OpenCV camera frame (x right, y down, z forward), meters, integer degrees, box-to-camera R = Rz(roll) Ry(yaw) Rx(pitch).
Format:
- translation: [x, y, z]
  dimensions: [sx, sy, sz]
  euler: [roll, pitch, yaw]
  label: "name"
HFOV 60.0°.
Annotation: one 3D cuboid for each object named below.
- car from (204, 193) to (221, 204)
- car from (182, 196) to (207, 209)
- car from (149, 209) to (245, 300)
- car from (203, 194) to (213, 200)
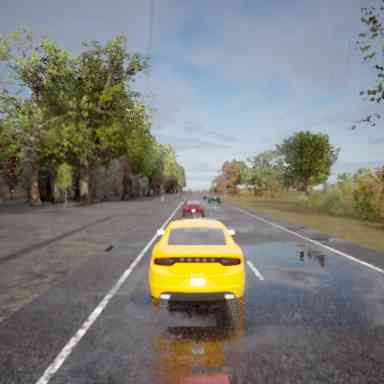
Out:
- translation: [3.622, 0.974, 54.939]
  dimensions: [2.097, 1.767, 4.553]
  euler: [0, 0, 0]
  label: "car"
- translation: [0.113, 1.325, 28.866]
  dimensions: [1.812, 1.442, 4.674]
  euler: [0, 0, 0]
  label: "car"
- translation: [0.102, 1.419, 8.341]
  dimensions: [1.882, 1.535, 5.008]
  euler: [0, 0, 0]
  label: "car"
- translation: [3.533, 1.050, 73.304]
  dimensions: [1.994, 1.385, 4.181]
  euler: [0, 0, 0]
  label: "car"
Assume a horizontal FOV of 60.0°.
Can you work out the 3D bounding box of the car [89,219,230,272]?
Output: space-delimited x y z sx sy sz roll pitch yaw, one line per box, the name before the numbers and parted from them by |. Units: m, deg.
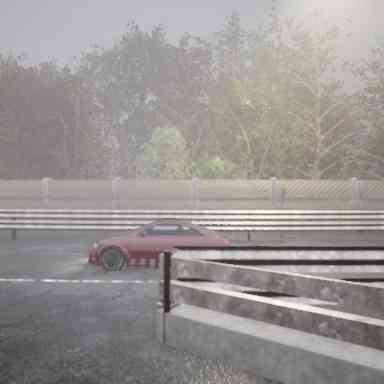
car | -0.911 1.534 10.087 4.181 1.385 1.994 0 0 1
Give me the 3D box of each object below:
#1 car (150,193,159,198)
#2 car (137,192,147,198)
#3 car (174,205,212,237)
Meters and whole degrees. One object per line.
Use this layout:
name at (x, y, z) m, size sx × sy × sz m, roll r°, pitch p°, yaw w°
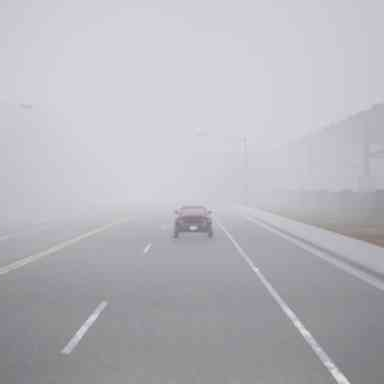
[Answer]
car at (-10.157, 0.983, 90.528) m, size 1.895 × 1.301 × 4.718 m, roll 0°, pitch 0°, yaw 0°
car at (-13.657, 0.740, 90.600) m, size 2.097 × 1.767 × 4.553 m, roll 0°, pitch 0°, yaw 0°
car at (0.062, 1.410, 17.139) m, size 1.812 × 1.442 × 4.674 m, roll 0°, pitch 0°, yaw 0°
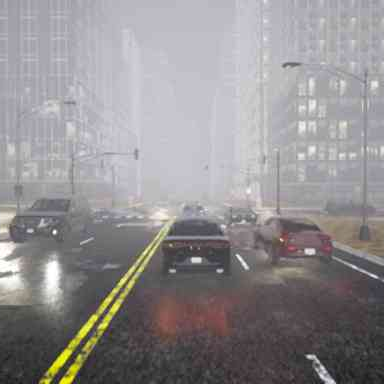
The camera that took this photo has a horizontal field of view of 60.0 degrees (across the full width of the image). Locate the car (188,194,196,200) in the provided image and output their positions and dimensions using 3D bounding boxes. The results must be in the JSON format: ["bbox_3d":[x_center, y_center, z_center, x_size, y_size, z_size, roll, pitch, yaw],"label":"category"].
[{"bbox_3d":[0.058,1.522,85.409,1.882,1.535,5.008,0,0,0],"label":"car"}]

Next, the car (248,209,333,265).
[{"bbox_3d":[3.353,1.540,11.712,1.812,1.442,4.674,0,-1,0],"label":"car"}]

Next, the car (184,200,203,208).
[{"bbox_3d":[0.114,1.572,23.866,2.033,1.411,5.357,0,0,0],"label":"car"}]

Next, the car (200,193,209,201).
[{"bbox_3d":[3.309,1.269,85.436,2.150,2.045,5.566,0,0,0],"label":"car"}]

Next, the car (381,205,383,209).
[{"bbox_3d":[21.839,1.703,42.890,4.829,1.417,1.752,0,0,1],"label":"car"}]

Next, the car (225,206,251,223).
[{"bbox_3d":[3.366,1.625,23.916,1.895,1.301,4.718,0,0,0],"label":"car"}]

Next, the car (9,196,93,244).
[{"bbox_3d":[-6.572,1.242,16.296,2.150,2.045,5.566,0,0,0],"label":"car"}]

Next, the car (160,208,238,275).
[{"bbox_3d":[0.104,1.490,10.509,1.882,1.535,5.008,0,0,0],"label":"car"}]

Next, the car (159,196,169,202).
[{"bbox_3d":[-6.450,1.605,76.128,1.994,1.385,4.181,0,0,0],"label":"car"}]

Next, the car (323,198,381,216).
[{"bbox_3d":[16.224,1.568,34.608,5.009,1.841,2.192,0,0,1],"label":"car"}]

● ● ● ● ● ● ●

(ABOUT THIS TASK)
Skip the images and set down the rest of the data unchanged.

(SOLUTION BELOW)
OpenCV camera frame (x right, y down, z forward), meters, integer degrees, box-to-camera R = Rz(roll) Ry(yaw) Rx(pitch).
Format:
- translation: [x, y, z]
  dimensions: [sx, sy, sz]
  euler: [roll, pitch, yaw]
  label: "name"
HFOV 60.0°.
Annotation: one 3D cuboid for each object named below.
- car from (204, 193) to (221, 204)
- car from (182, 196) to (207, 209)
- car from (149, 209) to (245, 300)
- car from (203, 194) to (213, 200)
Out:
- translation: [3.622, 0.974, 54.939]
  dimensions: [2.097, 1.767, 4.553]
  euler: [0, 0, 0]
  label: "car"
- translation: [0.113, 1.325, 28.866]
  dimensions: [1.812, 1.442, 4.674]
  euler: [0, 0, 0]
  label: "car"
- translation: [0.102, 1.419, 8.341]
  dimensions: [1.882, 1.535, 5.008]
  euler: [0, 0, 0]
  label: "car"
- translation: [3.533, 1.050, 73.304]
  dimensions: [1.994, 1.385, 4.181]
  euler: [0, 0, 0]
  label: "car"
Assume a horizontal FOV of 60.0°.
Can you work out the 3D bounding box of the car [89,219,230,272]?
Output: space-delimited x y z sx sy sz roll pitch yaw, one line per box, the name before the numbers and parted from them by |. Units: m, deg.
car | -0.911 1.534 10.087 4.181 1.385 1.994 0 0 1
Give me the 3D box of each object below:
#1 car (150,193,159,198)
#2 car (137,192,147,198)
#3 car (174,205,212,237)
Meters and whole degrees. One object per line.
Use this layout:
name at (x, y, z) m, size sx × sy × sz m, roll r°, pitch p°, yaw w°
[Answer]
car at (-10.157, 0.983, 90.528) m, size 1.895 × 1.301 × 4.718 m, roll 0°, pitch 0°, yaw 0°
car at (-13.657, 0.740, 90.600) m, size 2.097 × 1.767 × 4.553 m, roll 0°, pitch 0°, yaw 0°
car at (0.062, 1.410, 17.139) m, size 1.812 × 1.442 × 4.674 m, roll 0°, pitch 0°, yaw 0°
The camera that took this photo has a horizontal field of view of 60.0 degrees (across the full width of the image). Locate the car (188,194,196,200) in the provided image and output their positions and dimensions using 3D bounding boxes. The results must be in the JSON format: ["bbox_3d":[x_center, y_center, z_center, x_size, y_size, z_size, roll, pitch, yaw],"label":"category"].
[{"bbox_3d":[0.058,1.522,85.409,1.882,1.535,5.008,0,0,0],"label":"car"}]

Next, the car (248,209,333,265).
[{"bbox_3d":[3.353,1.540,11.712,1.812,1.442,4.674,0,-1,0],"label":"car"}]

Next, the car (184,200,203,208).
[{"bbox_3d":[0.114,1.572,23.866,2.033,1.411,5.357,0,0,0],"label":"car"}]

Next, the car (200,193,209,201).
[{"bbox_3d":[3.309,1.269,85.436,2.150,2.045,5.566,0,0,0],"label":"car"}]

Next, the car (381,205,383,209).
[{"bbox_3d":[21.839,1.703,42.890,4.829,1.417,1.752,0,0,1],"label":"car"}]

Next, the car (225,206,251,223).
[{"bbox_3d":[3.366,1.625,23.916,1.895,1.301,4.718,0,0,0],"label":"car"}]

Next, the car (9,196,93,244).
[{"bbox_3d":[-6.572,1.242,16.296,2.150,2.045,5.566,0,0,0],"label":"car"}]

Next, the car (160,208,238,275).
[{"bbox_3d":[0.104,1.490,10.509,1.882,1.535,5.008,0,0,0],"label":"car"}]

Next, the car (159,196,169,202).
[{"bbox_3d":[-6.450,1.605,76.128,1.994,1.385,4.181,0,0,0],"label":"car"}]

Next, the car (323,198,381,216).
[{"bbox_3d":[16.224,1.568,34.608,5.009,1.841,2.192,0,0,1],"label":"car"}]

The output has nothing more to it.